Standard: Welche Frage wollen Sie dem Volk stellen?

Faymann: Wenn sich alle einig sind im Parlament, dann bedarf es keiner Volksbefragung ...

Standard: Herr Faymann, Sie kennen die politische Realität doch ...

Faymann: Ich habe deshalb von vornherein die Volksbefragung eingebracht, weil wir nicht bis Mitte des Jahres in unterschiedlichen Positionen verharren dürfen. Wenn die Volksbefragung lautet, hier liegen zwei Modelle vor, mit und ohne allgemeine Wehrpflicht, dann sind die Österreicherinnen und Österreicher aus meiner Sicht sehr gut in der Lage, zu entscheiden.

Standard: Warum tragen auch sozialdemokratische Offiziere das nicht mit?
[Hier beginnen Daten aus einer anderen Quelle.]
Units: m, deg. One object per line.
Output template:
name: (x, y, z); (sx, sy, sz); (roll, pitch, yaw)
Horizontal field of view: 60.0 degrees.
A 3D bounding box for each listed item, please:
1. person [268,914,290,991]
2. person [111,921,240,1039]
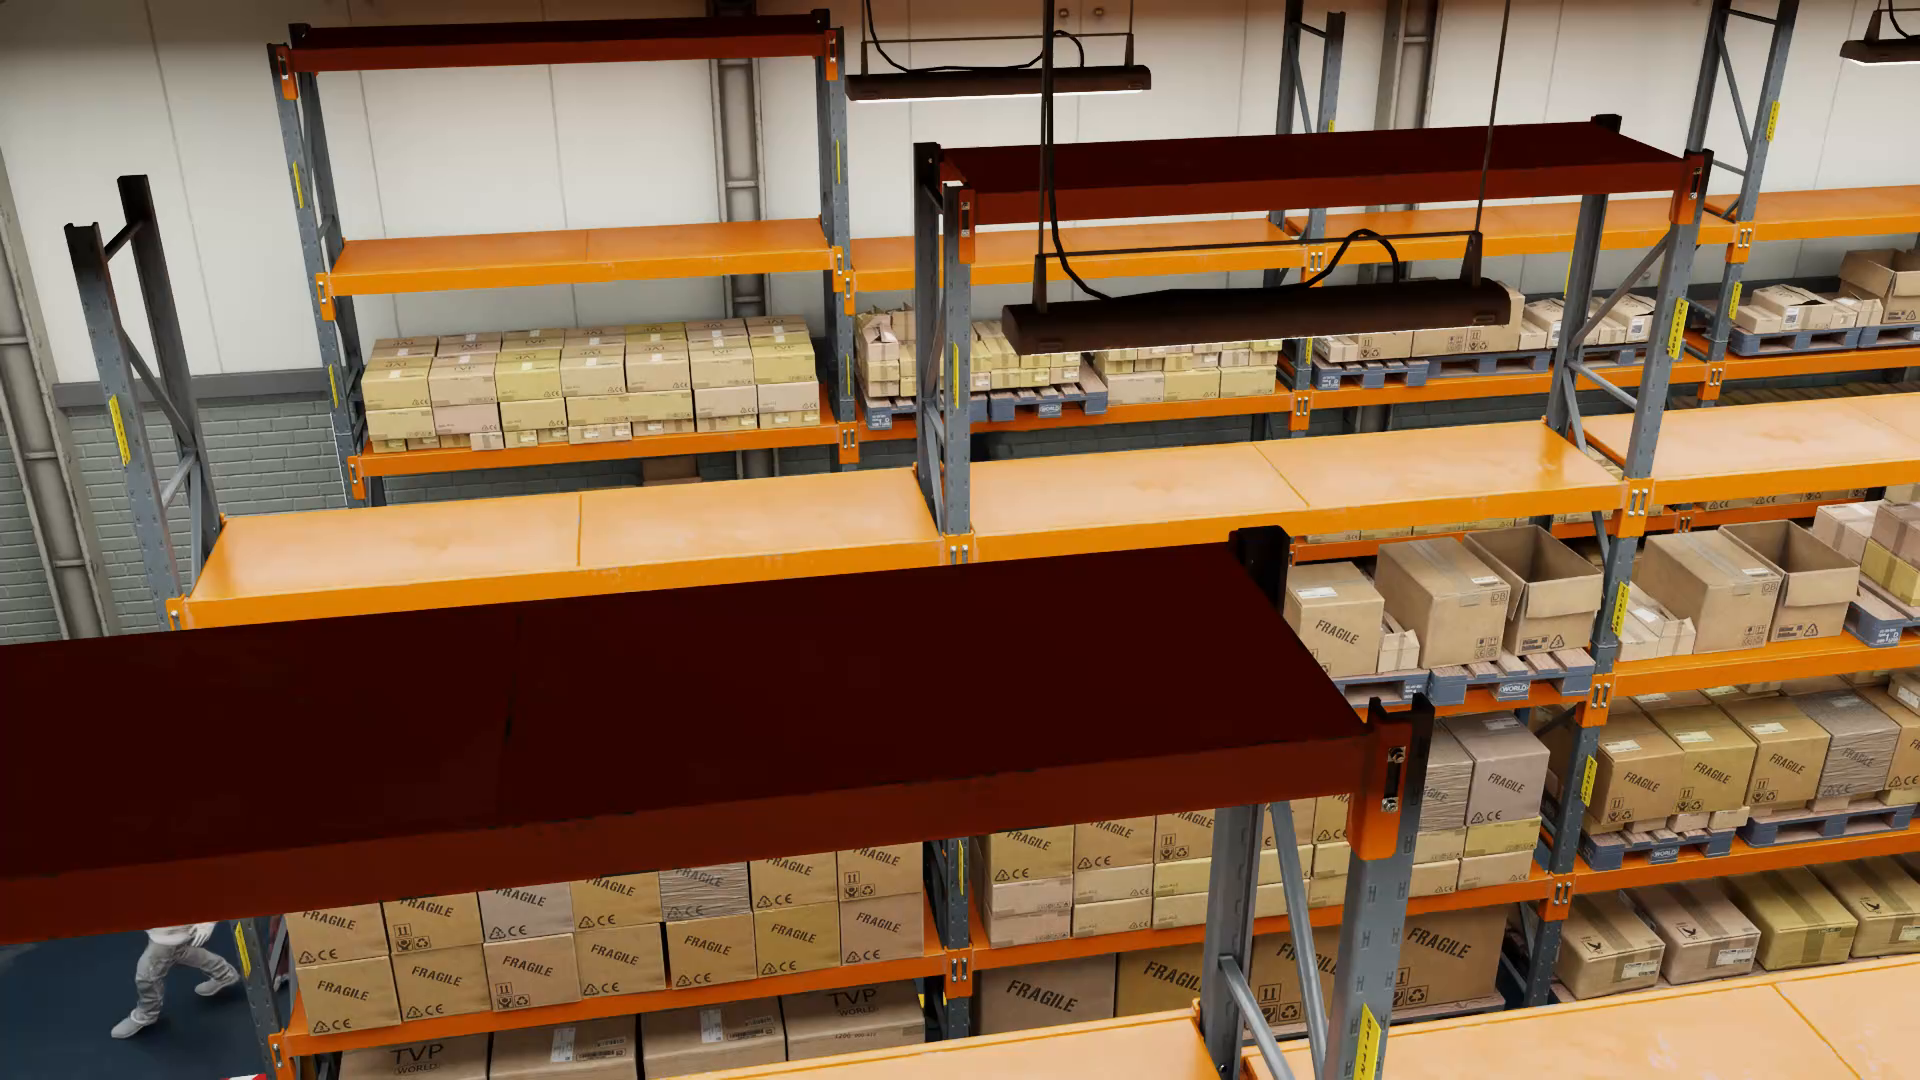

Warum musste Generalstabschef Entacher gehen?

Faymann: Als Regierungschef gestehe ich jedem Minister zu, zu entscheiden, ob sein Vertrauen in eine Führungskraft ausreicht. Daher stehe ich zu hundert Prozent zu Norbert Darabos' Entscheidung. (Alexandra Föderl-Schmid, Christoph Prantner, DER STANDARD, Printausgabe, 26.1.2011)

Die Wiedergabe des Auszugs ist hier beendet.